Speaking to about 40 retailer members of the Furniture Marketing Group buying group here, Amazon representatives in the furniture category said the e-commerce giant hopes to launch the new “Unified Delivery with Services” change to its platform late in the third quarter.

Under the plan, furniture sellers, such as stores, won’t be required to sell nationwide. The retailers will set their own pricing that can change with the services an Amazon customer chooses. White glove delivery (to a dry room) is the bare minimum service requirement — no drop-off at the door — but retailers can offer additional services, including delivery to the customers’ “room of choice,” set-up and haul away.

And the cost: Amazon is asking for a $39.99 monthly fee for an unlimited number of listings as well as 15% on the product sale and 20% on the services, according to Brett Hobson, Amazon business development representative in the furniture category. He added that retailers can choose to roll their services into the product price and offer just one price to customers for that 15% fee. However, in that case, Amazon shoppers wouldn’t see a menu of service options.

Hobson said the biggest and toughest objection to overcome that he’s seen from furniture sellers during his career at Amazon is that they “don’t have the capability or experience shipping out of their region.

“You’ve got your own crew. You offer white glove, but to put your 300-, 400-, 500-pound product in the hands of a third-party freight company is a little bit daunting, and at the end of the day, it doesn’t always work because they’re not going to put the same care and attention into that process as your own crew will,” he said.

That’s where the Amazon change comes in. The mandate that stores must ship nationwide will disappear, at least for product that weight 50 pounds or more. Stores, instead, will be able to use a geo-fencing tool that allows them to pick and choose the zip codes within their region they want to ship to.
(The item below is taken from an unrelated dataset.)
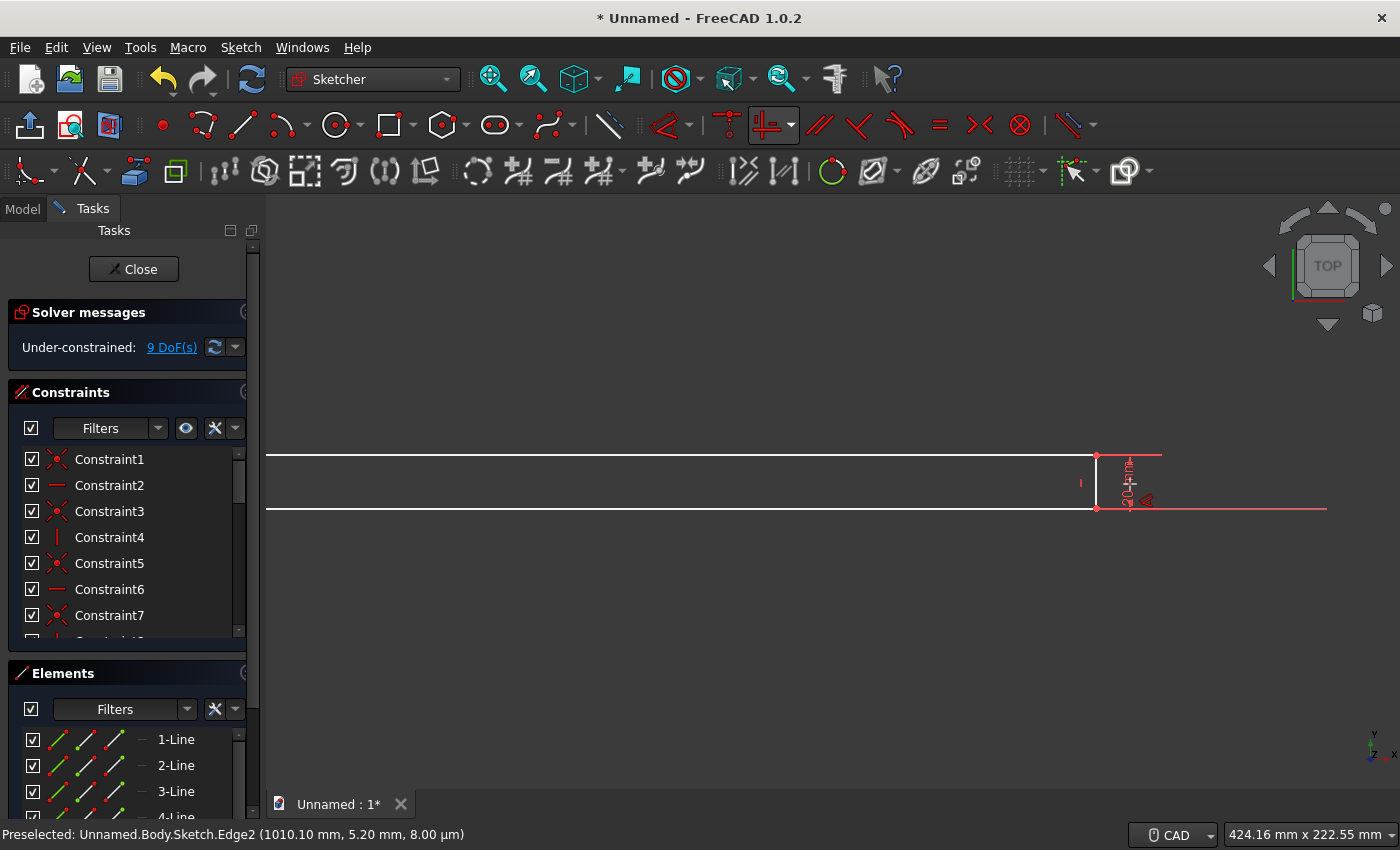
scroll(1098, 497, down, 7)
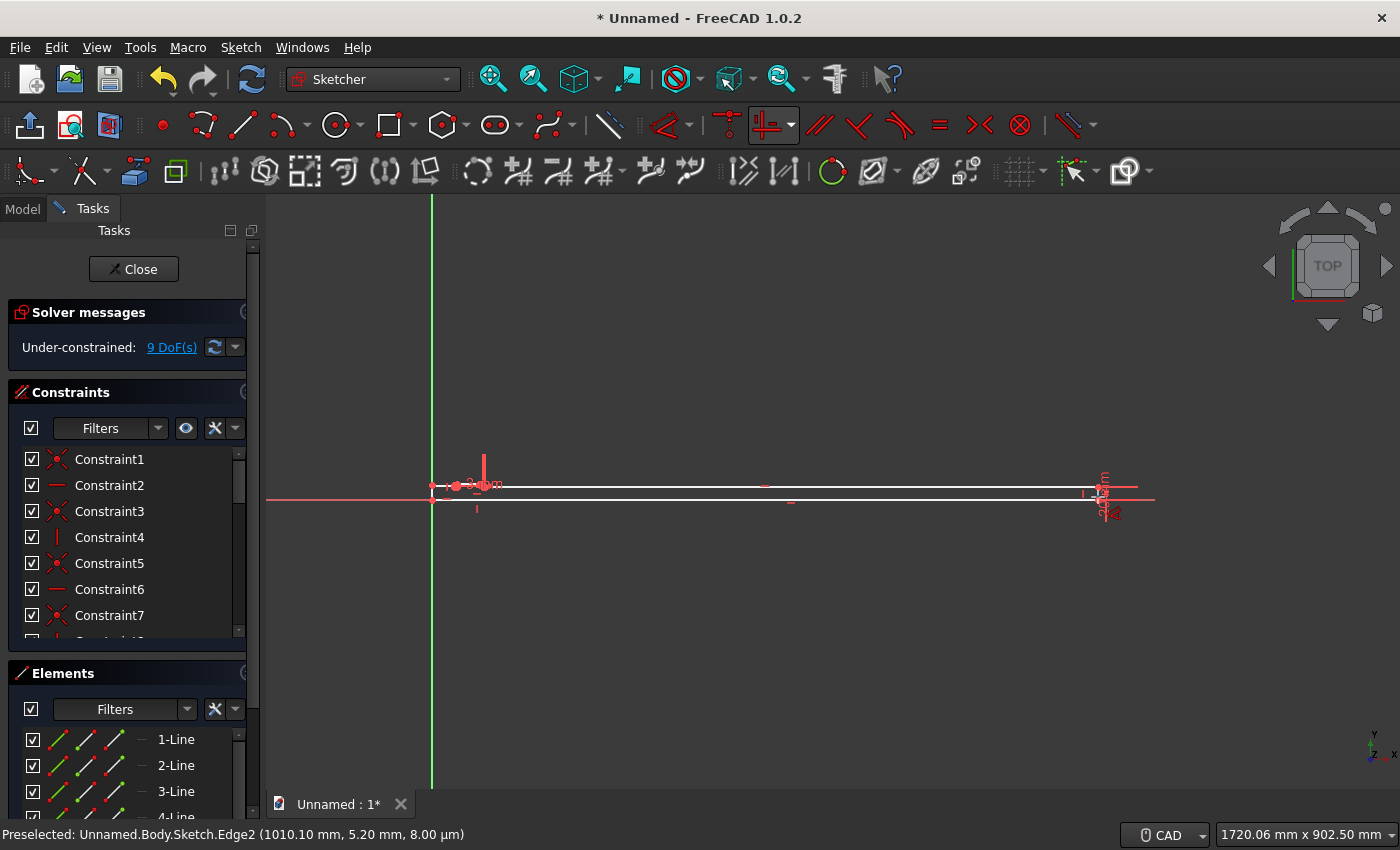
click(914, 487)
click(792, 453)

They can expand beyond their typical boundaries — to possibly encourage customers that many not have the ability to make at trip to the brick-and-mortar stores — but there’s no pressure, he said.

“That’s the ultimate promise of this,” Hobson said. “We want to make it easier for you guys to provide the same customer services you’ve built your companies on and you pride yourselves on while reaching that massive customer base we’ve generated.”

While Hobson said Amazon aims to make it easier for stores to participate on its marketplace, it’s counting on gaining a new advantage, too — the ability to be more competitive in the heavy and bulky furniture category.

“It’s safe to say Amazon is very competitive in most of the categories we compete in,” Hobson said. “But in furniture, because we’ve kind of forced the seller’s hand when it comes to the nationwide shipping component, you will see a lot of the brands you guys specialize in are on our site, but you might be shocked from time to time by the price points and how inflated they are.

“That’ what I like most about this,” he said. “We will be able to be very price competitive because you don’t’ have to charge an extra $300 to $500 to cover your (shipping costs).”

At the meeting at FMG’s High Point headquarters, retailers peppered Hobson and the other Amazon representatives there with questions such as: Will the shopper know they’re buying from the store (yes); will stores be able to integrate their own financing options (not immediately); and can stores qualify for the coveted Amazon Prime (only if they can prove themselves capable of two-day delivery or stock their product in an Amazon fulfillment center).

“It bears further investigation,” Barb Tronstein, co-owner of Auburn Hills, Mich.-based Gardner-White Furniture, told Furniture Today following the presentation.

“I have to really crunch some numbers,” she said. “You don’t have (salesperson) commission. You don’t have the brick-and-mortar cost. But whether it makes sense is something I’m not willing to commit to right now.”